Customer experience (CX) in the pharmaceutical industry is increasingly moving centre stage as companies look for practical ways to assess how well they are meeting the expectations of their stakeholders.
Chief among these are healthcare professionals (HCPs), but these are changing times for everyone as countries, customers, and companies continue to navigate their way out of the acute phase of the COVID-19 pandemic.
There has certainly been a course correction after the sharp pivot to digital in the spring of 2020 that pharma commercial operations were forced to make, just as we all were in our everyday lives. But things will never fully return to how they were pre-pandemic. Instead, the industry faces an environment that is still adjusting after the shocks that COVID-19 brought.
As it does so, the often-voiced aspiration for commercial organizations to be more customer-centric brings with it a clear need for metrics to determine if these best intentions are being transformed into reality.
In the past, research has shown that HCPs have a greater belief that a company understands both their challenges and those that their patients face when the CX they receive is excellent rather than poor.

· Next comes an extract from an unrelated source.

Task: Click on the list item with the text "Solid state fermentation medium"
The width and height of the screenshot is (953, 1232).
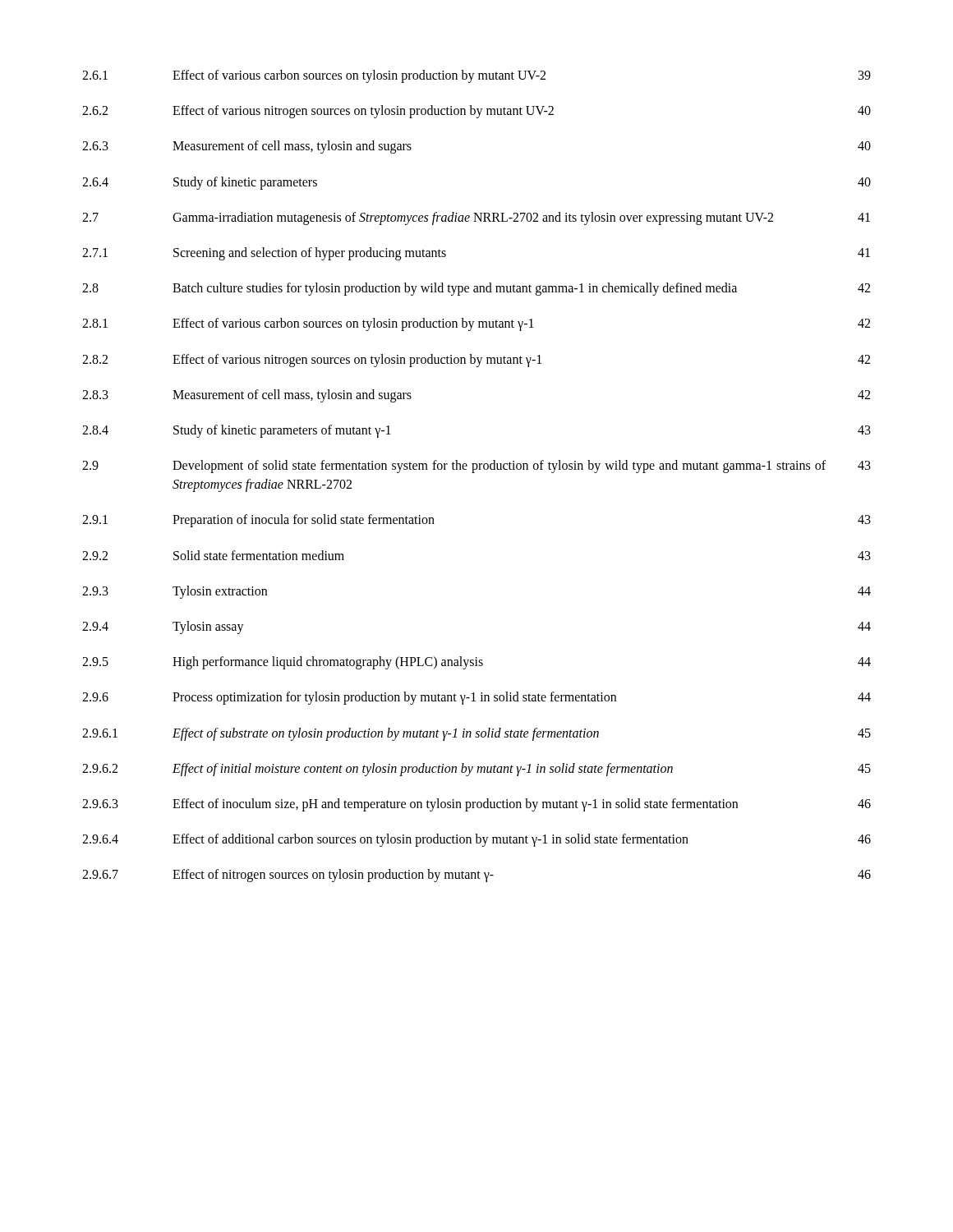Action: point(259,555)

CX can also drive clear business results for the leading companies, and HCPs will believe more in a company’s products, have a better perception of a firm, and engage more with it, if their expectations are met or exceeded.
In this article, we took at "The State Of Customer Experience In The Global Pharmaceutical Industry, 2022: HCP Interactions report by DT Consulting, where they surveyed 6,270 HCPs across 14 countries and eight therapy areas between July and September 2022. The study was based on the respondents’ two most recent interactions with a pharma company.
CX in pharma and its COVID-19 dip
The headline finding from our study, The State Of Customer Experience In The Global Pharmaceutical Industry, 2022: HCP Interactions, is that CX in pharma was ranked as good, with a CXQ score of 59, but good is really the least the industry should be aiming for. Added to which, the 2022 score is by no means a strong good score and finds the industry to be some way from achieving the excellence for which companies should be striving – a place where it is driving the business results mentioned before.
At a country level, you can see pharma companies providing customer experiences to HCPs that are fair to good (Figure 1). Notably, companies in China – at the time of our research still deep in a strict lockdown – provided HCPs with a customer experience that was on a par with Europe’s two largest markets, despite Germany and France having largely ended their own COVID-19 restrictions by then.
Naturally, the scores are influenced to some extent by different nations’ response styles and, because this is the first time one of our public CXQ reports has been run on a global level, it’s not yet possible to look for country-level trends across the entire data set. However, when we isolate the group of North America and Europe’s five largest markets that our research has traditionally focused on, their combined CXQ score dipped by four percentage points during the pandemic before recovering in 2022 to the same CXQ score of 61 seen in 2018. Depending on how China’s relaxation of its COVID-19 restrictions goes, there may be a similar COVID-19 bounce to pharma CX in that country.
Post-pandemic customer engagement
Any company’s customer experience journey is always going to be a multi-year endeavour. For those looking to make CX a focus in 2023, there’s a need for a customer engagement framework that really focuses on choosing the right channel for the right purpose. A key part of that will require firms to reconcile their use of high-tech channels with those that are high touch.
Reps are still among the most important channels for pharma, with the use of video conferencing by medical reps achieving the highest score in our 2022 CXQ survey (Figure 2). But it should give companies pause for thought that a digital call with a sales rep is almost identical, in terms of the CX it delivers, to a traditional face-to-face call. Of course, all the different rep channels, from face-to-face to email communications, have different strengths and weaknesses, with companies’ particular portfolio challenges further influencing the right mix for an individual company. However, to ensure that they’re protecting the right experiences, firms should continue to develop their field force so that they can be enabled to embrace digital capabilities at an appropriate level and understand customer engagement models that keep evolving.
There will also be an increased place for the hybrid operating models that were born out of COVID-19 conditions, and these will need careful refinement for the industry’s largely post-pandemic engagement. Getting this right will require pharma companies to offer a more personalised experience to their stakeholders, doubling down on the segmentation and targeting it requires. There’s already considerable pressure for companies to get omnichannel orchestration right, and data and insights are a crucial way to guide channel and content mix decisions.